Find the edges from the graph.
1-2
2-3
3-4
3-6
4-5
1-5
As there are six vertices, we'll create six disjoint-sets.
| SET | ELEMENTS | SET-REPRESENTATIVE |
|---|---|---|
| S1 | {1} | 1 |
| S2 | {2} | 2 |
| S3 | {3} | 3 |
| S4 | {4} | 4 |
| S5 | {5} | 5 |
| S6 | {6} | 6 |
Consider the edge 1-2,
FIND(1)=1
FIND(2)=2
UNION(1,2)
S1,S2 will be merged to S1 and set-representative of S1 will now be 1.
| SET | ELEMENTS | SET-REPRESENTATIVE |
|---|---|---|
| S1 | {1,2} | 1 |
| S3 | {3} | 3 |
| S4 | {4} | 4 |
| S5 | {5} | 5 |
| S6 | {6} | 6 |
Consider the edge 2-3,
FIND(2)=1
FIND(3)=3
UNION(1,3)
S1,S3 will be merged to S1 and set-representative of S1 will now be 1.
| SET | ELEMENTS | SET-REPRESENTATIVE |
|---|---|---|
| S1 | {1,2,3} | 1 |
| S4 | {4} | 4 |
| S5 | {5} | 5 |
| S6 | {6} | 6 |
Consider the edge 3-4,
FIND(3)=1
FIND(4)=4
UNION(1,4)
S1,S4 will be merged to S1 and set-representative of S1 will now be 1.
| SET | ELEMENTS | SET-REPRESENTATIVE |
|---|---|---|
| S1 | {1,2,3,4} | 1 |
| S5 | {5} | 5 |
| S6 | {6} | 6 |
Consider the edge 3-6,
FIND(3)=1
FIND(6)=6
UNION(1,6)
S1,S6 will be merged to S1 and set-representative of S1 will now be 1.
| SET | ELEMENTS | SET-REPRESENTATIVE |
|---|---|---|
| S1 | {1,2,3,4,6} | 1 |
| S5 | {5} | 5 |
Consider the edge 4-5,
FIND(4)=1
FIND(5)=5
CALL UNION(1,5)
S1,S5 will be merged to S1 and set-representative of S1 will now be 1.

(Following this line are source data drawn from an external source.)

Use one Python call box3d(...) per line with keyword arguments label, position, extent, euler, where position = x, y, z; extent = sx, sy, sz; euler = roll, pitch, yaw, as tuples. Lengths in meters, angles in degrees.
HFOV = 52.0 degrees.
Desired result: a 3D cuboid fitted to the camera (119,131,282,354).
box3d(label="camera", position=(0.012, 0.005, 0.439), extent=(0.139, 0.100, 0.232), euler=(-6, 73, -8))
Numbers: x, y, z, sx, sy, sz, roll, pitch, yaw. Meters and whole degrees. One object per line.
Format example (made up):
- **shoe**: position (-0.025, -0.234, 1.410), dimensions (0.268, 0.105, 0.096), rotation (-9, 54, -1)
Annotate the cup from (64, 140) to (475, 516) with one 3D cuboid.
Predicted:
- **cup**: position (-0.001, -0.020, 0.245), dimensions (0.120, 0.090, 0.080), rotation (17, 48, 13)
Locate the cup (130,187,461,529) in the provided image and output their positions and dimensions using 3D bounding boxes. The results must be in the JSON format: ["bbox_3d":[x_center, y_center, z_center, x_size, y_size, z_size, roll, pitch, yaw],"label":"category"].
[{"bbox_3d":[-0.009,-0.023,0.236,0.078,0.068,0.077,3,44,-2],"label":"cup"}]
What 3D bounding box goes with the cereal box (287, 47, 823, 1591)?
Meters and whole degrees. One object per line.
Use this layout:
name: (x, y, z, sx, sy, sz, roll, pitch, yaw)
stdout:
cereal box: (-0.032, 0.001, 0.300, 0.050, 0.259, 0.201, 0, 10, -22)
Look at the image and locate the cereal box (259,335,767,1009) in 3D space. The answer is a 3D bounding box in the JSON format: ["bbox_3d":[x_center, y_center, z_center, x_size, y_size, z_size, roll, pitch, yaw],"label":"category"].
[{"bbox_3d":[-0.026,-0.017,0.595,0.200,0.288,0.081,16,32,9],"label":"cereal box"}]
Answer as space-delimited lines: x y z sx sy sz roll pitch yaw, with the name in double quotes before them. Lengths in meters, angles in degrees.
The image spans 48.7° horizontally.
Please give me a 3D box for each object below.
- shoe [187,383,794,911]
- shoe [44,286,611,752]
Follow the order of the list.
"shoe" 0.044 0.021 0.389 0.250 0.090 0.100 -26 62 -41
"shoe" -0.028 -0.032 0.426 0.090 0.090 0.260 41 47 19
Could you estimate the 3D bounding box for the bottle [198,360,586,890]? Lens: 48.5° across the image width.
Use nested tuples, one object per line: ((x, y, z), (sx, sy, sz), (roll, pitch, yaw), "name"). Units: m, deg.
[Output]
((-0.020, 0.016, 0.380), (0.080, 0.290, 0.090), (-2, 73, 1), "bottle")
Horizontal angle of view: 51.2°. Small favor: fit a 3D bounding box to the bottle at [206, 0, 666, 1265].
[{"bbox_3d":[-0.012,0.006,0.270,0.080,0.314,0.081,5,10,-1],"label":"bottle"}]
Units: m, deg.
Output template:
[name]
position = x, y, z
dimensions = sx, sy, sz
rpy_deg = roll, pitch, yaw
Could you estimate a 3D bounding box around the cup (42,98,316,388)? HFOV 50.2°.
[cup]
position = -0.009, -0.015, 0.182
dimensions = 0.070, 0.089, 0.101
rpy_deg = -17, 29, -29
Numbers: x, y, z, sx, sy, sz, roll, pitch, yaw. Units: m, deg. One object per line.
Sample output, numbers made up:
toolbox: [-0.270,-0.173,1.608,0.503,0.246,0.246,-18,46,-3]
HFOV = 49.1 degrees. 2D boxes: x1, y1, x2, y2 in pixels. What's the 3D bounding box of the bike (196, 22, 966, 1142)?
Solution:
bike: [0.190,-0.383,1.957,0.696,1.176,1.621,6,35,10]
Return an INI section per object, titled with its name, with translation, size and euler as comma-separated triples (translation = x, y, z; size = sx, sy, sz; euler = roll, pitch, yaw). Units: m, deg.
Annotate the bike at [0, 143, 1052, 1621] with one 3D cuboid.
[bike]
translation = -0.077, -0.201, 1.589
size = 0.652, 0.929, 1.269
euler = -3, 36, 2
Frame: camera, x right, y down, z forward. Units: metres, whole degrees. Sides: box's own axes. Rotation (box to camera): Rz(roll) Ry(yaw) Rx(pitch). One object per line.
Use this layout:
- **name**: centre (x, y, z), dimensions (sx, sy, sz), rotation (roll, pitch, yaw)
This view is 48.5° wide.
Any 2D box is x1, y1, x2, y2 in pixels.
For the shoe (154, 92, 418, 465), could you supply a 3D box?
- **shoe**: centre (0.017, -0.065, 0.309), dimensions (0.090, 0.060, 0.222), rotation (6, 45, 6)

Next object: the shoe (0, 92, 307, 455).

| SET | ELEMENTS | SET-REPRESENTATIVE |
|---|---|---|
| S1 | {1,2,3,4,5,6} | 1 |
Consider the edge 1-5,
FIND(1)=1
FIND(5)=1
Here FIND(1)=FIND(5) that means both belong to same disjoint set. Hence,the graph has a cycle.
5)Implementation in Python
class Union_Find:
def make_set(self,n):
self.disjoint_set={vertex:vertex for vertex in range(1,n+1)}#Initializing n subsets and make contained vertex itself the set-representative for each subset
def find(self,vertex):
if self.disjoint_set[vertex]==vertex:#A set-representative can be found if v:v
return vertex
return self.find(self.disjoint_set[vertex])
def union(self,x,y):
set_representative_X=self.find(x)#find set-representative of x
set_representative_Y=self.find(y)#find set-representative of y
self.disjoint_set[set_representative_Y]=set_representative_X#make set-representative of y as x
def isCyclic(edges,no_of_vertices):
ds=Union_Find()
ds.make_set(no_of_vertices)
for x,y in edges:
if ds.find(x)==ds.find(y):#if set-representatives of both the vertices are the same then cycle exists
print("Cycle exists in the graph!")
return
ds.union(x,y)#merge subsets x and y
print("Cycle doesn't exist in the graph!")
V=int(input())
E=int(input())
edges=[]
for t in range(E):
x,y=[int(x) for x in input().split()]
edges.append([x,y])
isCyclic(edges,V)
Input:
V=6
E=6
edges=[[1,2],[2,3],[3,4],[3,6],[4,5],[1,5]]
Output:
Cycle exists in the graph!
Consider the graph which does not contain a cycle..
Input:
V=6
E=6
edges=[[1,4],[2,5],[3,6]]
Output:
Cycle doesn't exist in the graph!
6)Conclusion
The time complexity of Union-Find algorithm is O(V), where V is the number of vertices in the graph, in the worst case .
As we need to visit each edge it takes time of O(E) where E is the number of edges in the graph.
Hence, the overall time complexity of detecting cycle in Undirected Graph using Union-Find is O(VE).
In this case, V is number of vertices and E is number of edges. In case of a dense graph, E is of the order of O(V2). So, in a dense graph, this approach takes O(V3) Time Complexity.
With this article at OpenGenus, you must have the complete idea of how to Detect Cycle in Undirected Graph using Union Find algorithm.